Je ne sais pas s’il faut le féliciter ou le plaindre. Je constate qu’il est devenu, depuis vendredi dernier, ministre de la République. Je constate aussi, qu’avant même l’officialisation de la nouvelle, il est allé remercier le chef de l’Etat et se mettre à son service. Signe que l’homme en voulait…

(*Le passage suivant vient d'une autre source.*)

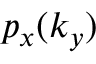<formula> <loc_0><loc_0><loc_500><loc_500>p _ { x } ( k _ { y } )</formula> 
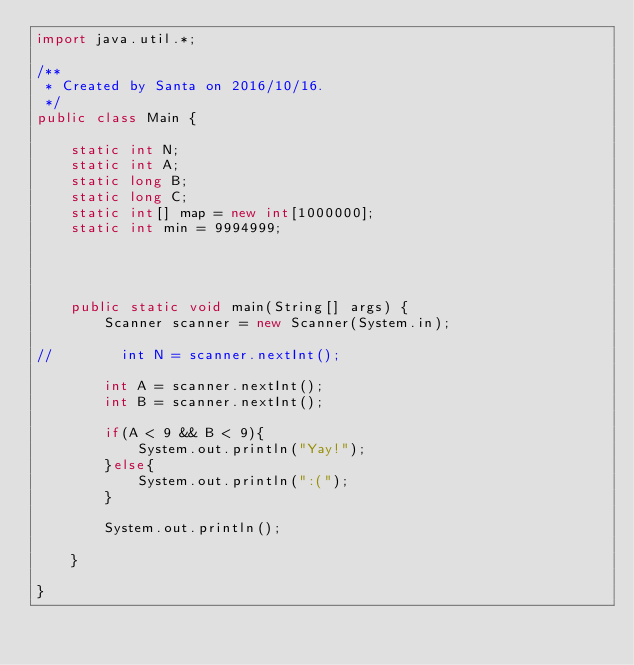Convert code to text. <code><loc_0><loc_0><loc_500><loc_500><_Java_>import java.util.*;

/**
 * Created by Santa on 2016/10/16.
 */
public class Main {

    static int N;
    static int A;
    static long B;
    static long C;
    static int[] map = new int[1000000];
    static int min = 9994999;




    public static void main(String[] args) {
        Scanner scanner = new Scanner(System.in);

//        int N = scanner.nextInt();

        int A = scanner.nextInt();
        int B = scanner.nextInt();

        if(A < 9 && B < 9){
            System.out.println("Yay!");
        }else{
            System.out.println(":(");
        }

        System.out.println();

    }

}

</code> 
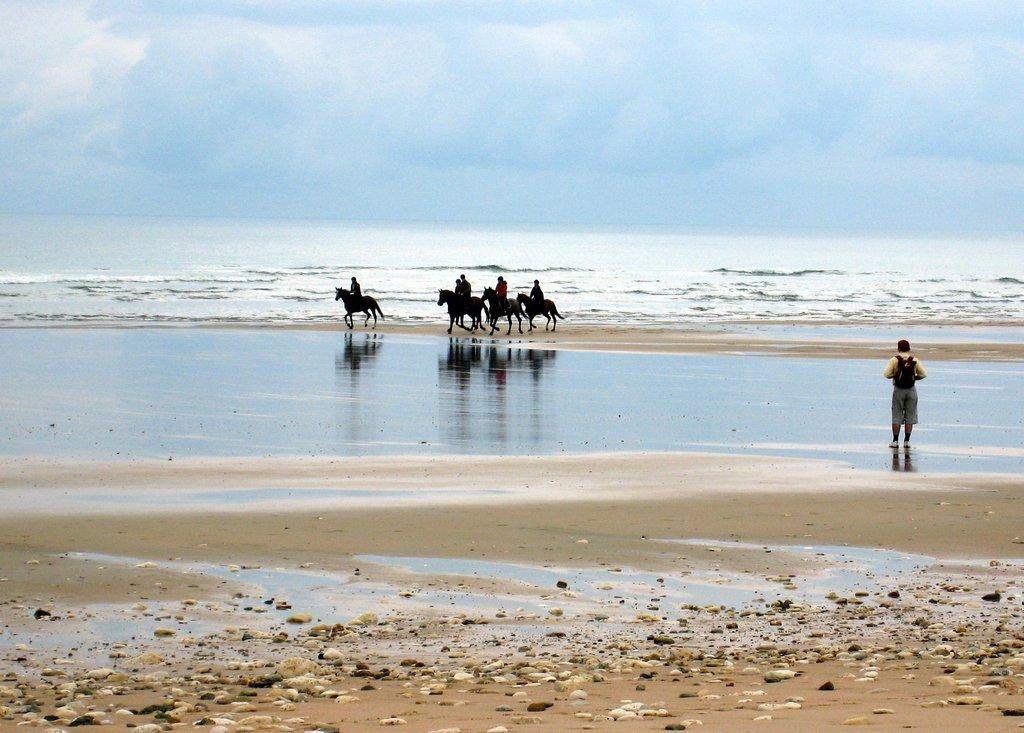What are the people in the image doing? The people in the image are riding horses. Where are the horses located in the image? The horses are on the seashore. Can you describe the person standing in the image? There is a person standing in the image, but their specific appearance or actions are not mentioned in the facts. What can be seen in the background of the image? There is a river and the sky visible in the background of the image. What type of sweater is the person wearing in the lunchroom in the image? There is no lunchroom or sweater mentioned in the image. The image features people riding horses on the seashore, with a river and the sky visible in the background. 
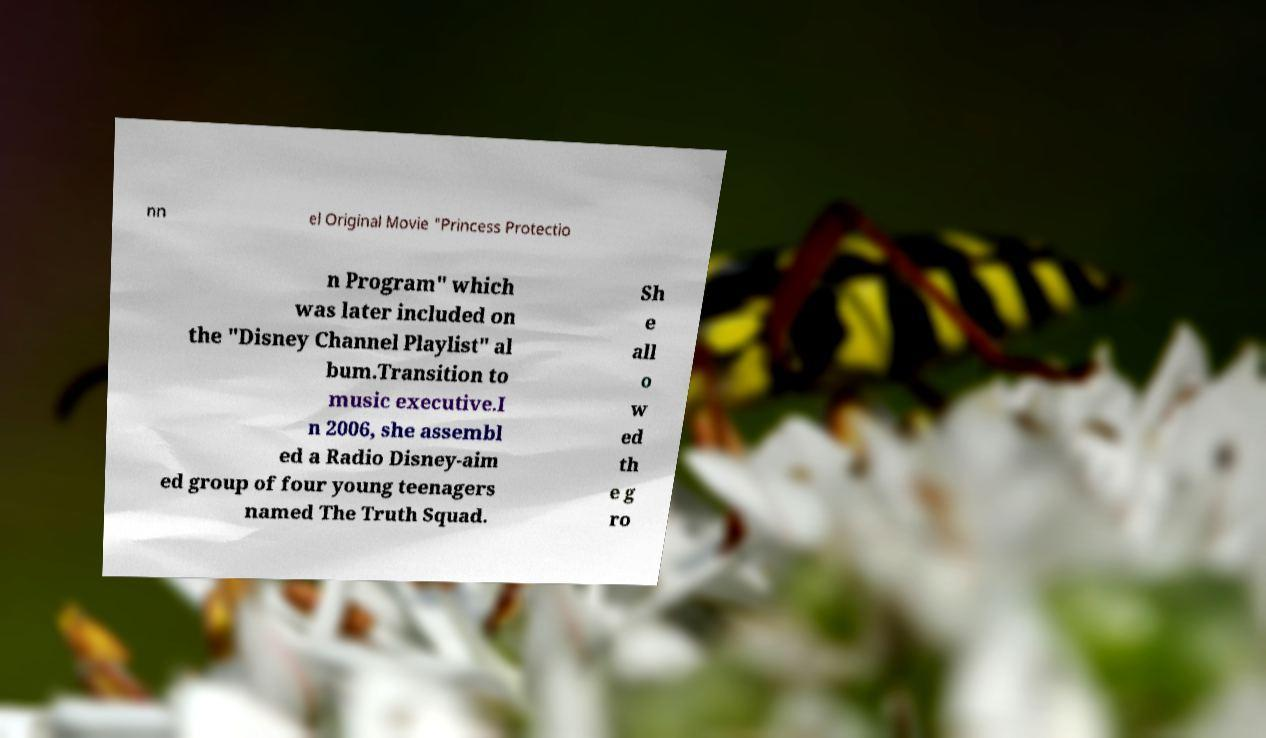Can you read and provide the text displayed in the image?This photo seems to have some interesting text. Can you extract and type it out for me? nn el Original Movie "Princess Protectio n Program" which was later included on the "Disney Channel Playlist" al bum.Transition to music executive.I n 2006, she assembl ed a Radio Disney-aim ed group of four young teenagers named The Truth Squad. Sh e all o w ed th e g ro 
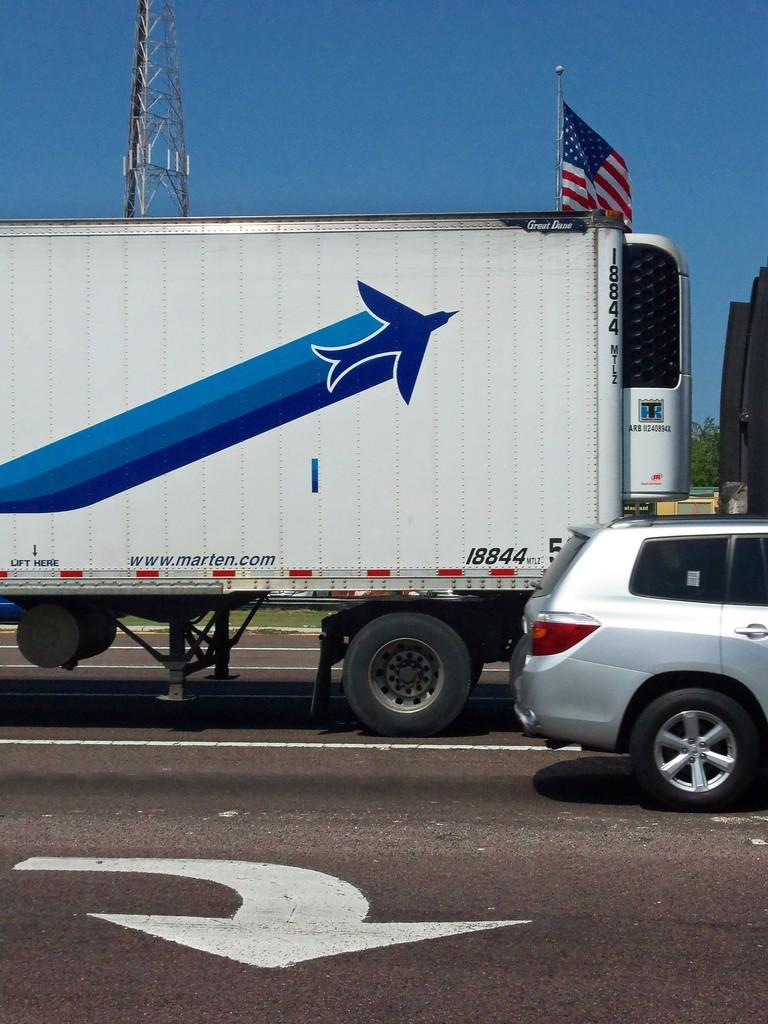What is happening on the road in the image? There are vehicles on the road in the image. What type of structure can be seen in the image? There is a metal frame visible in the image. What type of vegetation is present in the image? There are plants and grass in the image. What is flying in the image? There is a flag in the image. What part of the natural environment is visible in the image? The sky is visible in the image. Can you see a hen laying eggs in the image? There is no hen or eggs present in the image. What type of wound is visible on the flag in the image? There is no wound present on the flag or any other part of the image. 
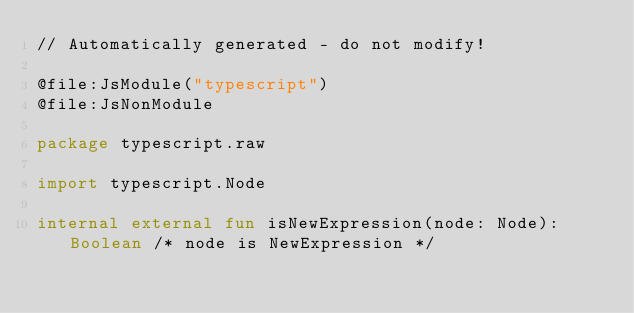<code> <loc_0><loc_0><loc_500><loc_500><_Kotlin_>// Automatically generated - do not modify!

@file:JsModule("typescript")
@file:JsNonModule

package typescript.raw

import typescript.Node

internal external fun isNewExpression(node: Node): Boolean /* node is NewExpression */
</code> 
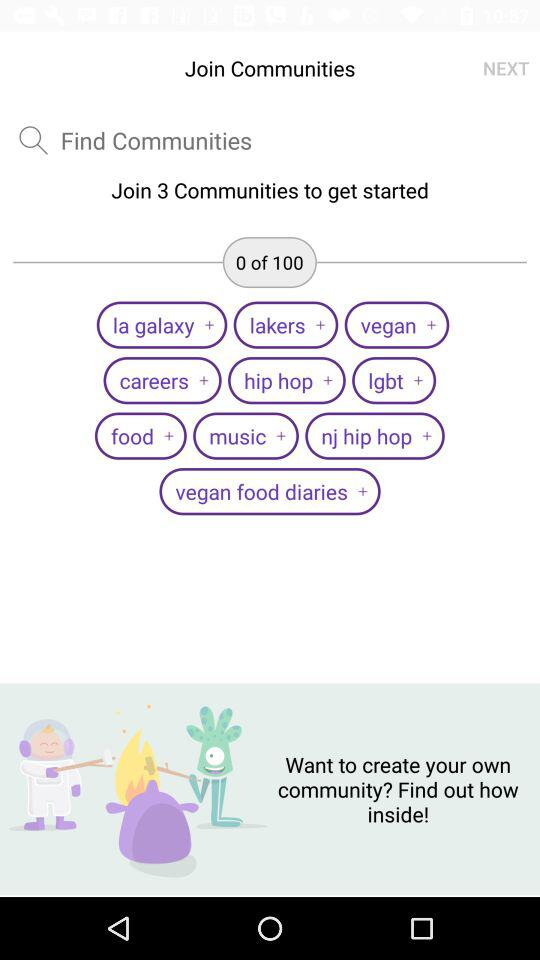How many communities in total do we have? You have 100 communities.

Modeste Kérékou, c’est sans doute un destin. Il a déjà un nom. Enorme avantage comparatif. Il veut se faire un prénom. Il a été, à moins de 30ans, député élu sur la liste de l’Union pour le Bénin du Futur (UBF), aux bons soins de Bruno Amoussou. Aujourd’hui, il est ministre. Si son cas préoccupe, c’est que son atterrissage au gouvernement de Boni Yayi est tout aussi préoccupant et relève du grand écart. Oui, il y a un peu plus d’un an, la tension était vive entre le régime Yayi et les Kérékou, du moins Modeste Kérékou. Il s’était fait le défenseur de son père, ancien président de la République, à qui la ministre Réckya Madougou aurait manqué dans son livre « Mon combat pour la parole ». Modeste Kérékou crache du fiel, veut remettre la ministre à sa place. Il lui donne du « mademoiselle la ministre ». Il accuse Boni Yayi d’abriter des repris de justice dans son gouvernement. Il s’indigne plus tard de la façon dont son compagnon de parti, Rachidi Gbadamassi, est passé à l’ennemi commun avec armes et bagages sans crier gare.

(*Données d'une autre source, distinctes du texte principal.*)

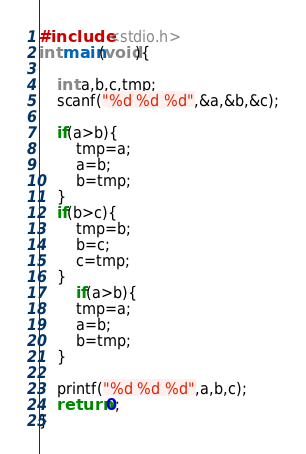<code> <loc_0><loc_0><loc_500><loc_500><_C_>#include <stdio.h>
int main(void){
    
    int a,b,c,tmp;
    scanf("%d %d %d",&a,&b,&c);

    if(a>b){
        tmp=a;
        a=b;
        b=tmp;
    }
    if(b>c){
        tmp=b;
        b=c;
        c=tmp;
    }
        if(a>b){
        tmp=a;
        a=b;
        b=tmp;
    }
    
    printf("%d %d %d",a,b,c);
    return 0;
}

</code> 
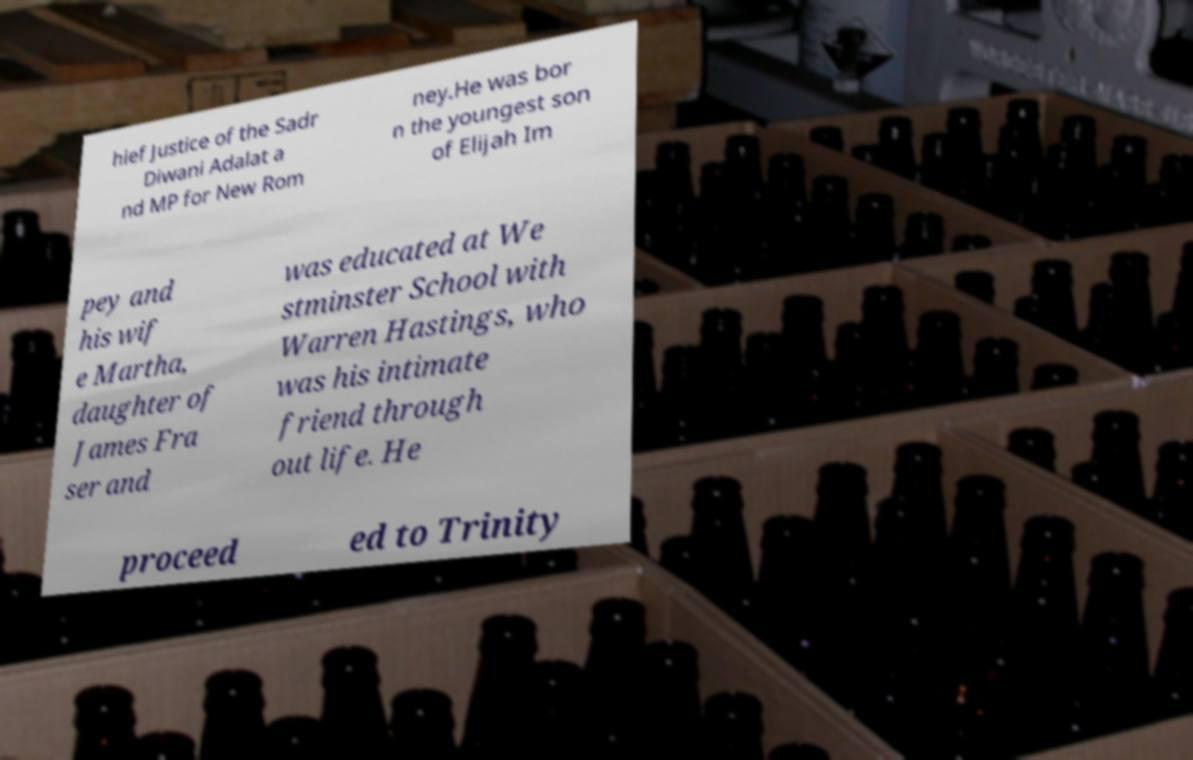There's text embedded in this image that I need extracted. Can you transcribe it verbatim? hief Justice of the Sadr Diwani Adalat a nd MP for New Rom ney.He was bor n the youngest son of Elijah Im pey and his wif e Martha, daughter of James Fra ser and was educated at We stminster School with Warren Hastings, who was his intimate friend through out life. He proceed ed to Trinity

Réckya Madougou est encore au gouvernement et je me demande comment les deux désormais collègues vont se regarder. Les repris de justice sont encore au gouvernement et je me demande si Modeste Kérékou doit être fier de s’asseoir avec eux autour de la table du Conseil des ministres. Rachidi Gbadamassi, depuis qu’il s’est auto transféré chez l’ennemi, essaie, avec un activisme soutenu, de remplir sa part de contrat. Je ne sais pas, au cas où il aurait été étranger à la nomination de Modeste Kérékou, comment il le verrait dans ses habits de ministre. Mais la politique, qui a besoin d’éthique et de normes, je l’ai souvent dit, s’est révélée chez nous comme étant le domaine du possible par exemple. Donc l’on fait un virage à 180° et l’on compte sur l’amnésie collective pour se faire absoudre. Soit, mais je pense que, pour le combat dont il s’est fait le chantre en dénonçant la gestion peu amène du pays par Boni Yayi, Modeste Kérékou devait avoir quelque égard pour le public en lui expliquant préalablement à son entrée au gouvernement, qu’il était revenu à de meilleurs sentiments vis-à-vis de Boni Yayi.
Mais quand j’essaie de comprendre, non pas de justifier son acte, je n’exclue pas que dans sa tête, doit trotter une petite envie de destin national auquel peut donner à penser le nom politique dont il a hérité. Dans le même temps, voilà son frère Moïse qui ne cache pas non plus ses ambitions, crée un mouvement politique et déclare sa flamme à Boni Yayi. Ce rapprochement menacerait-il les plans de Modeste. Lui qui, ayant été député et s’étant posé en procureur de leur géniteur commun dans la fausse guerre (on s’en rend compte aujourd’hui) l’ayant opposé à Réckya Madougou, apparaissait jusqu’ici comme le plus vendable, politiquement s’entend, de la fratrie. Il lui fallait alors se donner de la latitude pour ne pas se laisser supplanter par son frère. Car il a dû se retrouver dans la même situation qu’un Galiou Soglo par rapport à son frère aîné Léhady.
Ainsi, Modeste Kérékou croit sûrement en son destin. Il espère que ses nouvelles amours avec Boni Yayi et son changement le mettent sur le chemin d’y arriver. Hier député, aujourd’hui ministre, cela n’est pas rien mais cela ne fait pas tout. J’ai appris du sage que toutes les opportunités ne sont pas bonnes à saisir. Qu’il faut se méfier des étoiles filantes parce que leur chute est aussi brutale que leur ascension. Qu’en sera-t-il de Modeste Kérékou ? A lui de jouer, qui croit peut-être aussi qu’en politique, seule la fin justifie les moyens.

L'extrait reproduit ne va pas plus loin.